The expanded indications for Xience Prime and Xience V are based on randomised clinical trial data from the SPIRIT family of trials that support the safety and performance of the stents in these patient subgroups. Xience Prime is also indicated for use in long vessels and is available in stent lengths of 33mm and 38mm. Both Xience Prime and Xience V leverage the excellent outcomes from the extensive body of clinical evidence from the SPIRIT family of clinical trials. Most recently, data from the company’s SPIRIT IV trial comparing Xience V to the Taxus Express2 paclitaxel-eluting coronary stent system were presented at the Transcatheter Cardiovascular Therapeutics annual meeting in September 2009. With 3,690 patients, the SPIRIT IV trial is one of the largest head-to-head randomised clinical trials between two drug-eluting stents and includes more than 1,100 patients with diabetes.

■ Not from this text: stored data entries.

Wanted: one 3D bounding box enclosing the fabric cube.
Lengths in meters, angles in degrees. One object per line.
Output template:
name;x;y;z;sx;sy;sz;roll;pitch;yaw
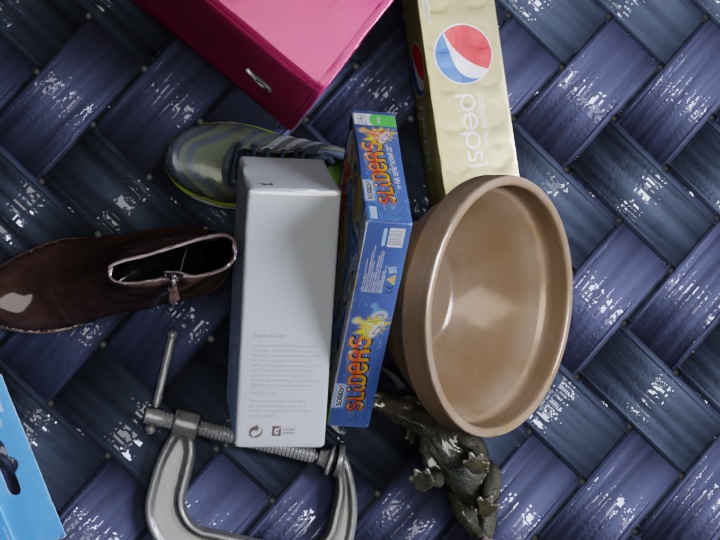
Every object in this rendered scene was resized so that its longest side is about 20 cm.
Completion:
fabric cube;-0.061;-0.256;1.227;0.199;0.196;0.200;38;82;-6

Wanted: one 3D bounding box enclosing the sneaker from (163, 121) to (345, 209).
sneaker;-0.058;-0.082;1.274;0.198;0.081;0.075;7;85;-9

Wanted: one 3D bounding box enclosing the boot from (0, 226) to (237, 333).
boot;-0.194;0.001;1.201;0.198;0.166;0.073;-11;88;-10

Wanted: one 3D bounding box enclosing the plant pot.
plant pot;0.076;0.024;1.240;0.200;0.092;0.203;-10;103;-51

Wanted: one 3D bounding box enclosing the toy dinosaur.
toy dinosaur;0.086;0.164;1.282;0.077;0.102;0.200;-32;108;18

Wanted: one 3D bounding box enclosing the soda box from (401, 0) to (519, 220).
soda box;0.083;-0.139;1.311;0.067;0.064;0.202;-7;87;-10

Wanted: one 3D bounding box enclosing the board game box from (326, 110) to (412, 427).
board game box;0.000;0.000;1.201;0.034;0.136;0.201;4;129;-9

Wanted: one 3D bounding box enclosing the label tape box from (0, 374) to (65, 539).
label tape box;-0.345;0.182;1.216;0.199;0.066;0.144;-22;90;-9

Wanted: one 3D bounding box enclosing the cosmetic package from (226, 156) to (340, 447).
cosmetic package;-0.061;0.023;1.207;0.071;0.102;0.202;1;108;-9

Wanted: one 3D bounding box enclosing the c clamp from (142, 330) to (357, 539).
c clamp;-0.089;0.162;1.281;0.199;0.027;0.172;20;83;-8

Xience Prime and Xience V are based upon the well-tested design utilised in the Multi-Link Vision family of stents, which is the most widely used stent platform in the world – more than 2 million of Abbott’s cobalt chromium stents have been implanted worldwide.
Xience Prime received CE mark in June 2009, and Xience V received CE mark in 2006. Xience Prime is an investigational device in the United States and is not available for sale in the United States or outside of jurisdictions in which the product has been CE marked. These additional indications apply to Xience V exclusively in countries where the product bears a CE mark.